The instantaneous waypoint calculated by the robot driver is sent to the position controller. The position controller’s job, is to drive the robot to the instantaneous waypoint calculated by the robot driver. This is accomplished by driving the error to zero using velocities generated by two PI controllers; one in the X direction and one in the Y direction. Then, by harnessing the power of triangles, we use those velocities to calculate a velocity vector (magnitude and direction) which is then rotated onto the robot’s reference frame. Robot rotation is controlled similarly using a PI controller to drive the rotational error to zero.

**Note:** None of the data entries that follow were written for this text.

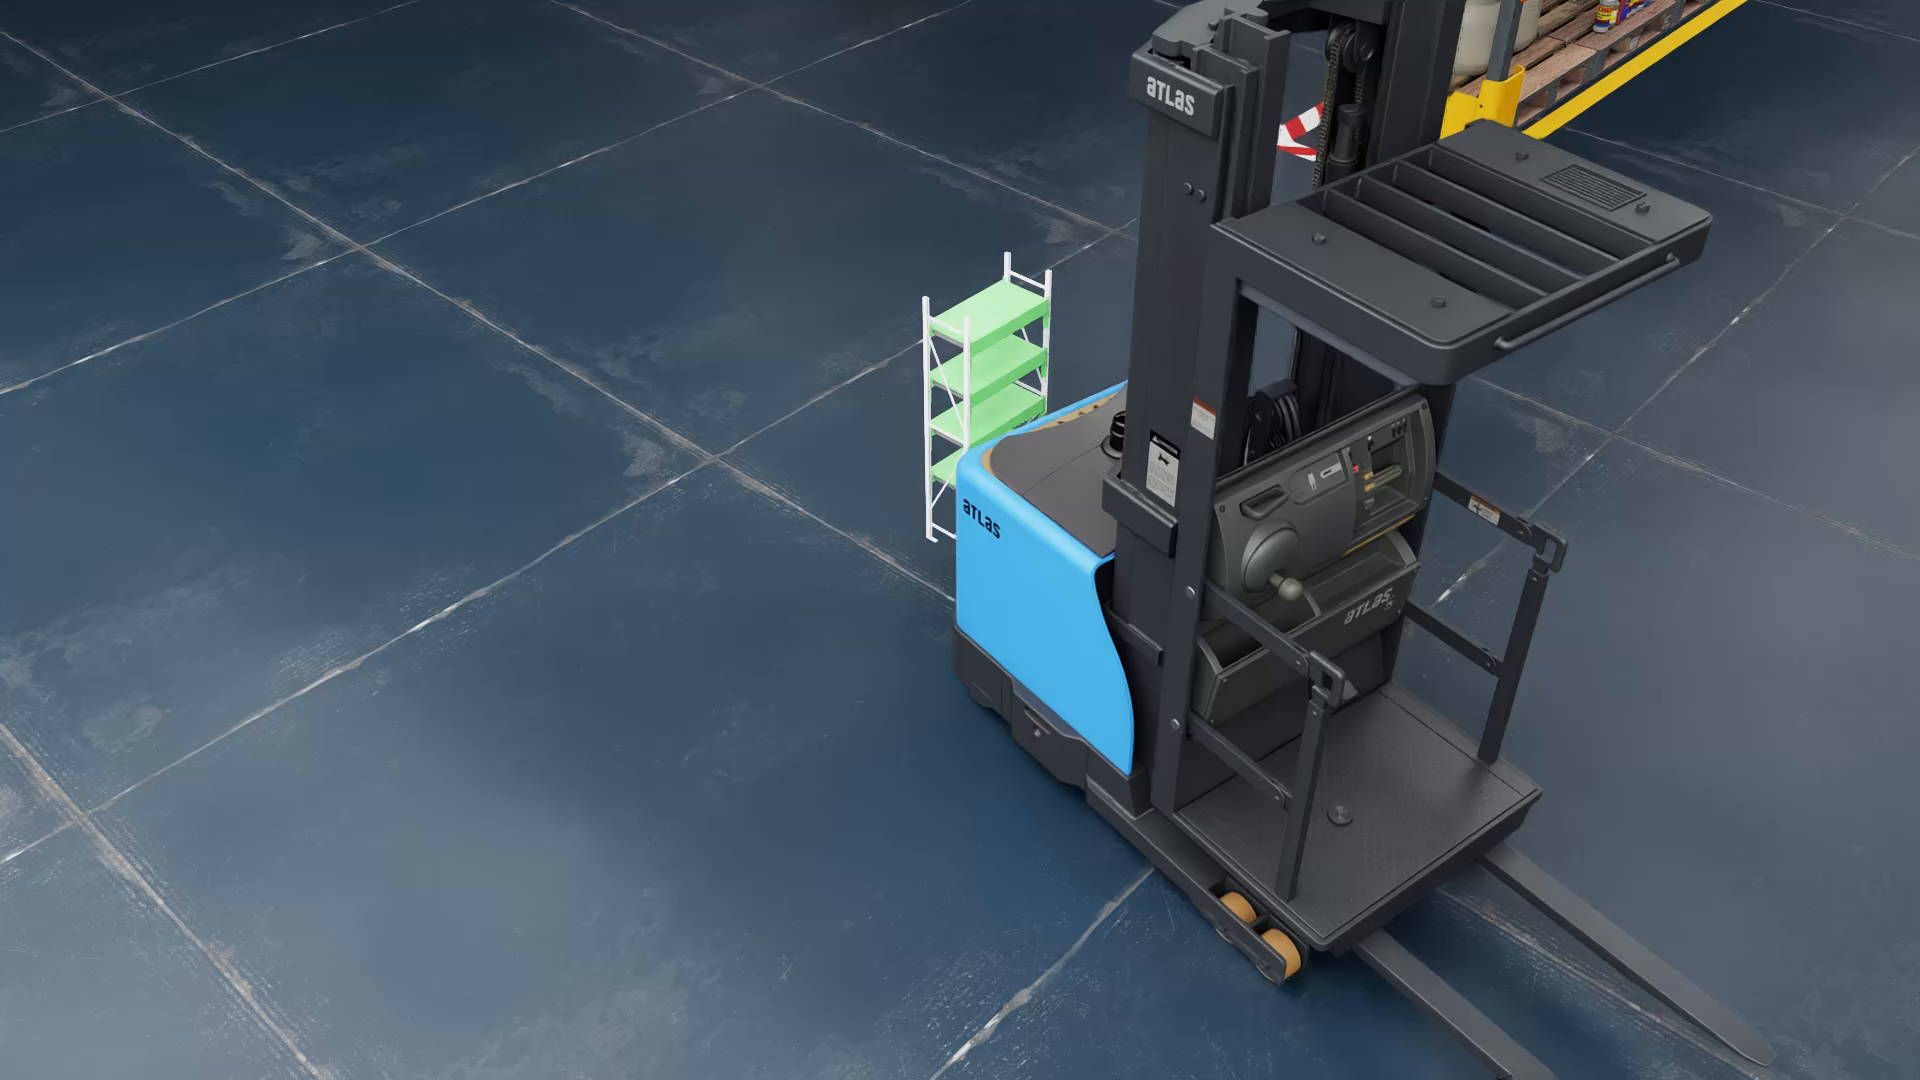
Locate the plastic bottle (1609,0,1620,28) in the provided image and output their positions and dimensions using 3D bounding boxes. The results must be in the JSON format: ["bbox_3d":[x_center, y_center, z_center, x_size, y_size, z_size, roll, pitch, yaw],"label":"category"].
[{"bbox_3d":[4.393,-3.571,11.226,0.097,0.201,0.097,0,38,0],"label":"plastic bottle"}]

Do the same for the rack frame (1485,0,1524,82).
[{"bbox_3d":[2.870,-3.744,9.549,1.000,3.000,0.127,30,47,32],"label":"rack frame"}]

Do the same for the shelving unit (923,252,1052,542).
[{"bbox_3d":[0.112,-0.546,6.972,0.258,1.200,0.503,30,47,32],"label":"shelving unit"}]

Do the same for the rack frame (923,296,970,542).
[{"bbox_3d":[-0.053,-0.434,6.831,0.240,1.200,0.015,30,47,32],"label":"rack frame"}]

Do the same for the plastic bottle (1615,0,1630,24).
[{"bbox_3d":[4.489,-3.652,11.262,0.061,0.283,0.133,30,48,33],"label":"plastic bottle"}]

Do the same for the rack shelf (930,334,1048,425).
[{"bbox_3d":[0.112,-0.684,6.863,0.258,0.148,0.480,30,47,32],"label":"rack shelf"}]

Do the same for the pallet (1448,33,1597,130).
[{"bbox_3d":[3.439,-3.079,10.952,1.003,0.211,1.213,30,47,32],"label":"pallet"}]

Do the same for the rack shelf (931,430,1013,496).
[{"bbox_3d":[0.112,-0.308,7.161,0.258,0.148,0.480,30,47,32],"label":"rack shelf"}]

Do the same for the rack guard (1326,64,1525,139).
[{"bbox_3d":[2.887,-2.821,10.396,1.175,0.500,0.348,30,47,32],"label":"rack guard"}]

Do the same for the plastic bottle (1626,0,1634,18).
[{"bbox_3d":[4.554,-3.708,11.342,0.097,0.271,0.097,0,38,0],"label":"plastic bottle"}]

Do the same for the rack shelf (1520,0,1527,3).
[{"bbox_3d":[4.219,-4.382,10.928,1.077,0.370,4.000,30,47,32],"label":"rack shelf"}]

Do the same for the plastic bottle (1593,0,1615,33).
[{"bbox_3d":[4.323,-3.551,11.144,0.097,0.271,0.097,0,38,0],"label":"plastic bottle"}]

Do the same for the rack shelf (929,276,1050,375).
[{"bbox_3d":[0.112,-0.871,6.713,0.258,0.148,0.480,30,47,32],"label":"rack shelf"}]

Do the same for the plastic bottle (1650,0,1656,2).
[{"bbox_3d":[4.827,-3.867,11.598,0.097,0.201,0.097,0,38,0],"label":"plastic bottle"}]

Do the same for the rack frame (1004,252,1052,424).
[{"bbox_3d":[0.276,-0.658,7.113,0.240,1.200,0.015,30,47,32],"label":"rack frame"}]

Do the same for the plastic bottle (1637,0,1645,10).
[{"bbox_3d":[4.689,-3.772,11.479,0.097,0.201,0.097,0,38,0],"label":"plastic bottle"}]

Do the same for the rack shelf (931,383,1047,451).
[{"bbox_3d":[0.112,-0.496,7.012,0.258,0.148,0.480,30,47,32],"label":"rack shelf"}]

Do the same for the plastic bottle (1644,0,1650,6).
[{"bbox_3d":[4.759,-3.847,11.517,0.097,0.271,0.097,0,38,0],"label":"plastic bottle"}]

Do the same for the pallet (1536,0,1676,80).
[{"bbox_3d":[4.262,-3.637,11.654,1.003,0.211,1.213,30,47,32],"label":"pallet"}]

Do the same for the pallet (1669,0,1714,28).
[{"bbox_3d":[5.085,-4.200,12.362,1.003,0.211,1.213,30,47,32],"label":"pallet"}]

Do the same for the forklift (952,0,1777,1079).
[{"bbox_3d":[1.259,-0.058,4.968,1.130,2.935,3.031,-25,45,-28],"label":"forklift"}]

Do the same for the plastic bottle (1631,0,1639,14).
[{"bbox_3d":[4.622,-3.754,11.400,0.097,0.271,0.097,0,38,0],"label":"plastic bottle"}]

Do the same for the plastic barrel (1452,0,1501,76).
[{"bbox_3d":[3.258,-3.270,10.613,0.421,0.512,0.421,0,38,0],"label":"plastic barrel"}]

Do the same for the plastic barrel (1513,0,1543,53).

` robotErrorTheta = fieldErrorTheta - robotTheta;`

**Position Controller Code:**

```
//We need to pre-compute the error value for
//the rotational axis because it's strange
//and loops around.
rotFieldError = (fieldTargetPosition.getThetaRAD() -
FieldFeedbackPosition.getThetaRAD() + 20.0 * Math.PI) %
(2.0 * Math.PI);
```

```
if(rotFieldError > Math.PI)
{
rotFieldError -= 2.0*Math.PI;
}
```

```
//Compute the controllers for the three
//degrees of freedom, in field frame reference.
xFieldVel = this.xController.processInput(
fieldTargetPosition.getX(),
fieldFeedbackPosition.getX());
```

```
yFieldVel = this.yController.processInput(
fieldTargetPosition.getY(),
fieldFeedbackPosition.getY());
```

```
rotFieldVel = this.rotController.processInput(
rotFieldError,
0.0); //Use the rotational error in place
```

```
//Get the error terms back because we need
//them for other checking
xFieldError = this.xController.getError();
yFieldError = this.yController.getError();
```

```
//Move these velocities onto the robot frame of reference
//-Magnitude is the same in field frame as in robot frame
linearVelMagnitude = Math.sqrt(
xFieldVel * xFieldVel +
yFieldVel * yFieldVel);
```

```
//-Find the angle of the velocity
// command vector and subtract the robot angle
linearVelTheta = Math.atan2(
yFieldVel,
xFieldVel) -
fieldFeedbackPosition.getThetaRAD();
```

```
//Rotational is rotational
rotaionalVelMagnitude = rotFieldVel;
```

Finally the position controller sends the calculated magnitude and direction to the holonomic drive code which moves the robot. The holonomic drive calculates speeds for each wheel by taking the specified velocity vector and calculating its components along the angular direction that each wheel drives at.

**Holonomic Drive Code:**

```
controlsToSpeed(Mag, thetaDEG, r)
{
```

` rotConst = 0.75;`

```
Theta1 = (thetaDEG - 45);//Front Left
Theta2 = (thetaDEG + 45);//Front Right
Theta3 = (thetaDEG + 135);//Back Right
Theta4 = (thetaDEG - 135);//Back Left
```

```
Theta1 = Math.toRadians(Theta1);
Theta2 = Math.toRadians(Theta2);
Theta3 = Math.toRadians(Theta3);
Theta4 = Math.toRadians(Theta4);
```

```
vector1 = Mag * Math.cos(Theta1) + (r*rotConst);
vector2 = Mag * Math.cos(Theta2) + (r*rotConst);
vector3 = Mag * Math.cos(Theta3) + (r*rotConst);
vector4 = Mag * Math.cos(Theta4) + (r*rotConst);
```

```
mag1 = Range.clip(vector1, -1, 1);
mag2 = Range.clip(vector2, -1, 1);
mag3 = Range.clip(vector3, -1, 1);
mag4 = Range.clip(vector4, -1, 1);
```

`}`

Upon arriving at a waypoint, the robotDriver then moves on to the next waypoint in the queue. If the queue is empty, the robot driver reports that the motion is complete and the position controller holds the robot’s position on the field. When we tried to manually push the robot, it responded with a satisfying stubbornness: it pushed back!!

Below is a control diagram for the dead reckoning system, as it was first documented.

With our dead reckoner and robot driver in place, our autonomous programming lives became significantly easier. We could reliably develop and test entire autonomous programs in as little as 20-30 minutes (compared to 4-6 hours before). Therefore, one of the best skills of a programmer is building code that makes his/her life easier.